Thursday, May 31, 2007
Wednesday, May 30, 2007
Scientific name:Phloedes diabolicum
Common name: Diabolical Ironclad Beetle
Native range: Southwestern US
More information: Peter J. Bryant's guide to the Natural History of Orange County, California. See also Field Guide to California Beetles (Evans & Hogue), here at Amazon.com.
I was taken aback a few weeks ago when I first encountered this bug (I moved here from Illinois five months ago). At first, rather foolishly, I thought it might be a large piece of soot that had rained down from the Catalina wildfire. You can imagine my surprise when its legs emerged and it began to move!

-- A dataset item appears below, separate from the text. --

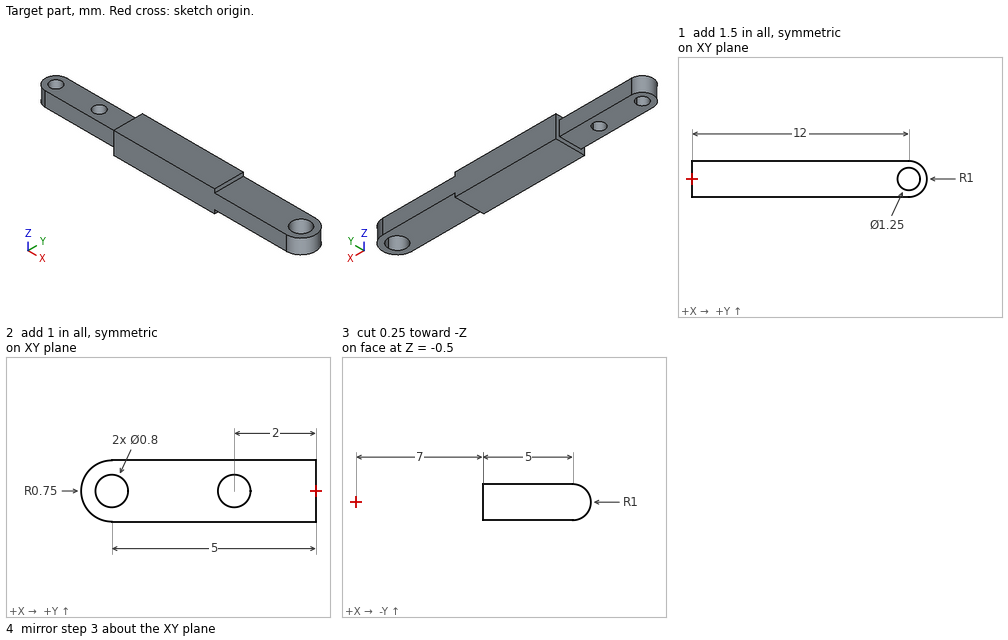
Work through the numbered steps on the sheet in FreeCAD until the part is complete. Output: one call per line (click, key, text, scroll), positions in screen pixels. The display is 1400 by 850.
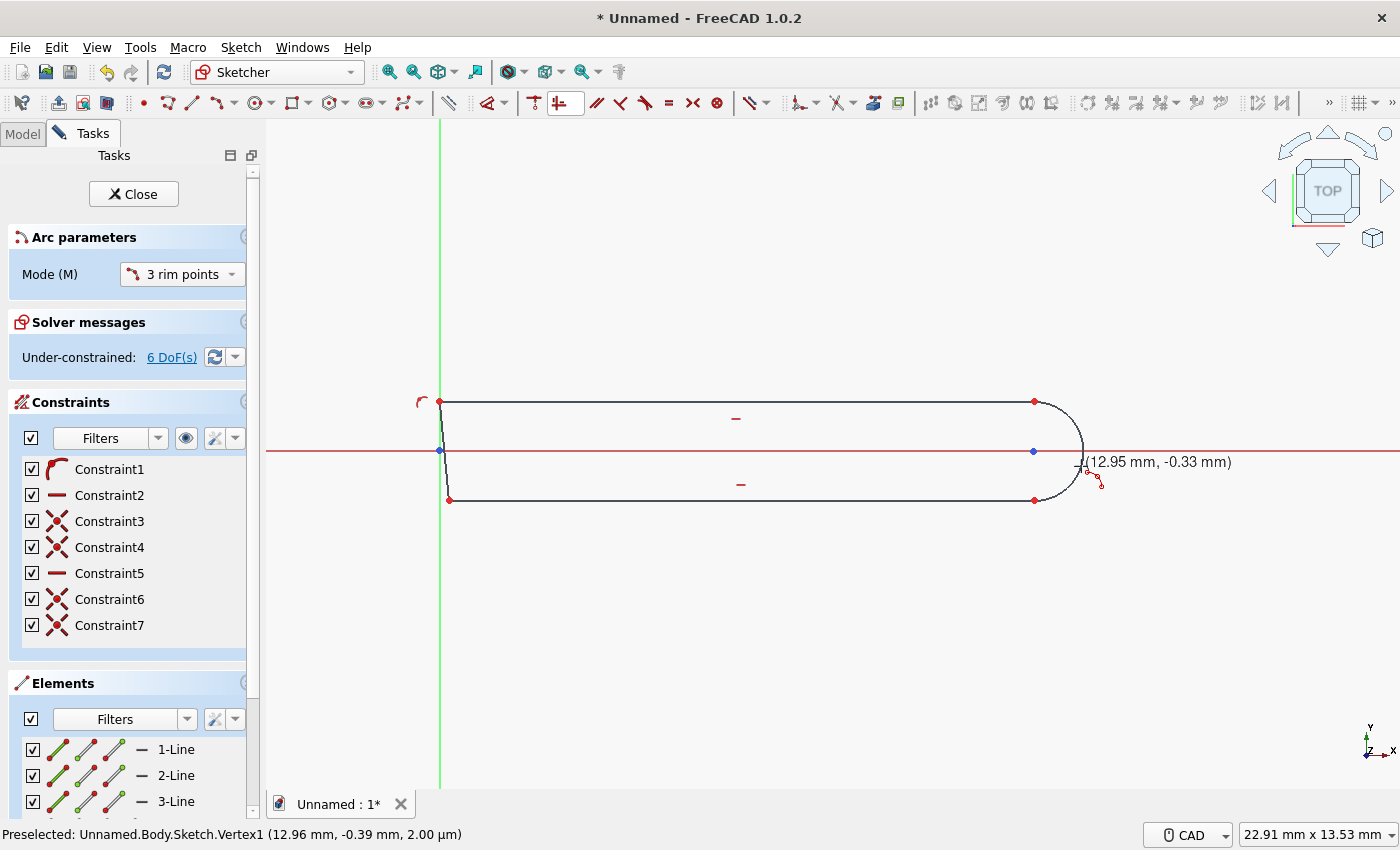
click(256, 104)

It was playing dead, as it's doing in the above photos as well. This, I've read, is a stereotypical behavior of ironclad beetles when encountered.
According to Evans & Hogue, they will easily feed on oatmeal in captivity, but they are probably fungivores in the wild. (I also heard a report that they will easily feed on carrots as well, and that seems to be doing the trick so far, for mine.)

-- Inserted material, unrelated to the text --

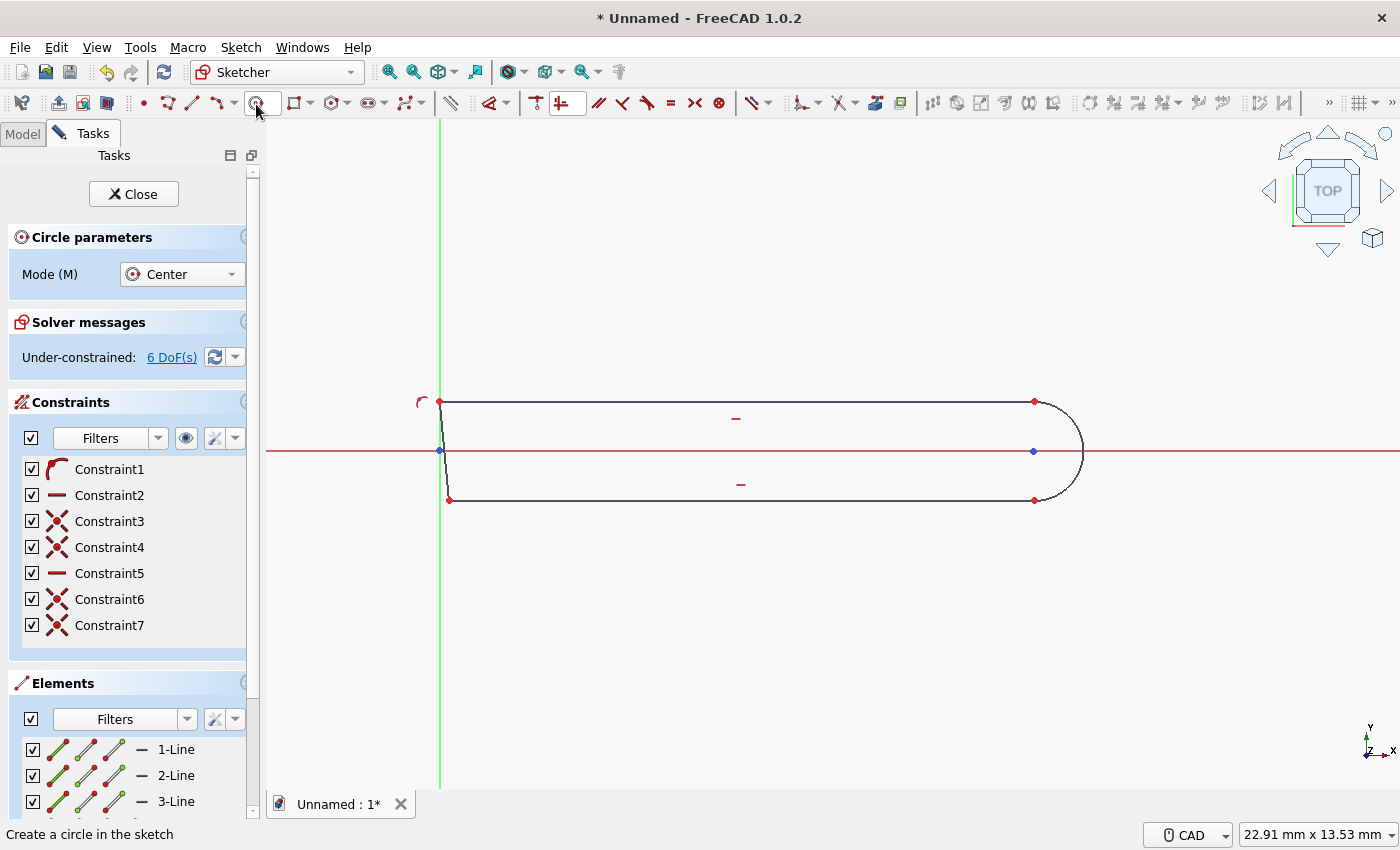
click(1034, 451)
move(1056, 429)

It's reported by beetle collectors that the exoskeletons of ironclad beetles are so hard that it's difficult to drive a mounting pin through them.
Tuesday, May 29, 2007
Common names: Silk-Oak; Silky Oak
Native range: eastern Australia
More information: Characteristics and requirements at davesgarden.com. Worthwhile Wikipedia entry as well.

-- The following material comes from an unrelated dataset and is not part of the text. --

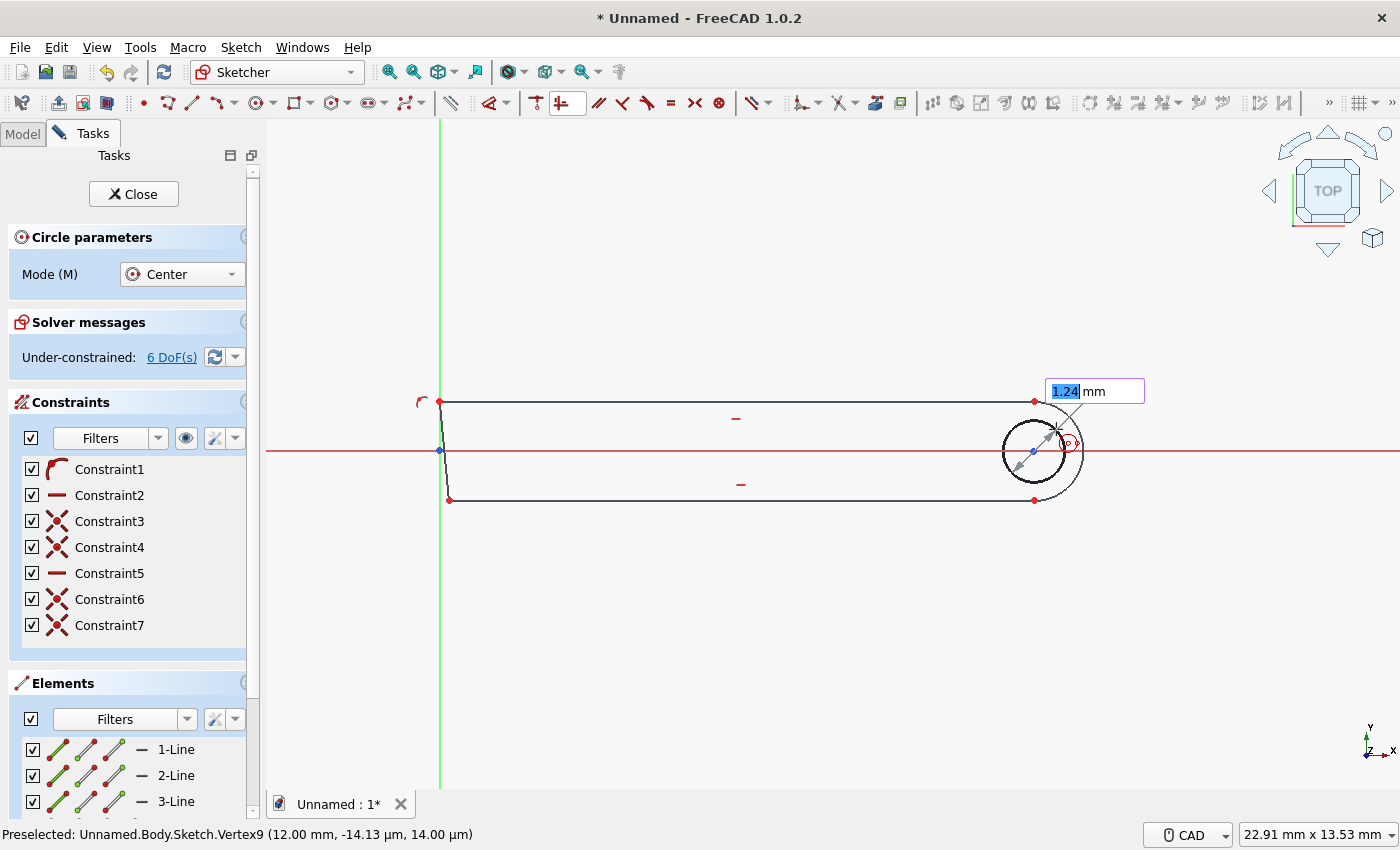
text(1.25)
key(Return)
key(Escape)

The attractive yellow-orange flowers you see on the Silky Oak are in fact sepals, not petals. The Silky Oak flower has no petals!
Some guests of mine recently bought a pair of wildly exotic flowers for me as a gift for my hospitality: "Pincushion Protea" (Leucospermum cordifolium), a South African member of the Protea, or Sugarbush family. They knew that these were flowers I'd seen before, and been enamored with, but had been unable to identify. (I hadn't even heard of the Protea family!)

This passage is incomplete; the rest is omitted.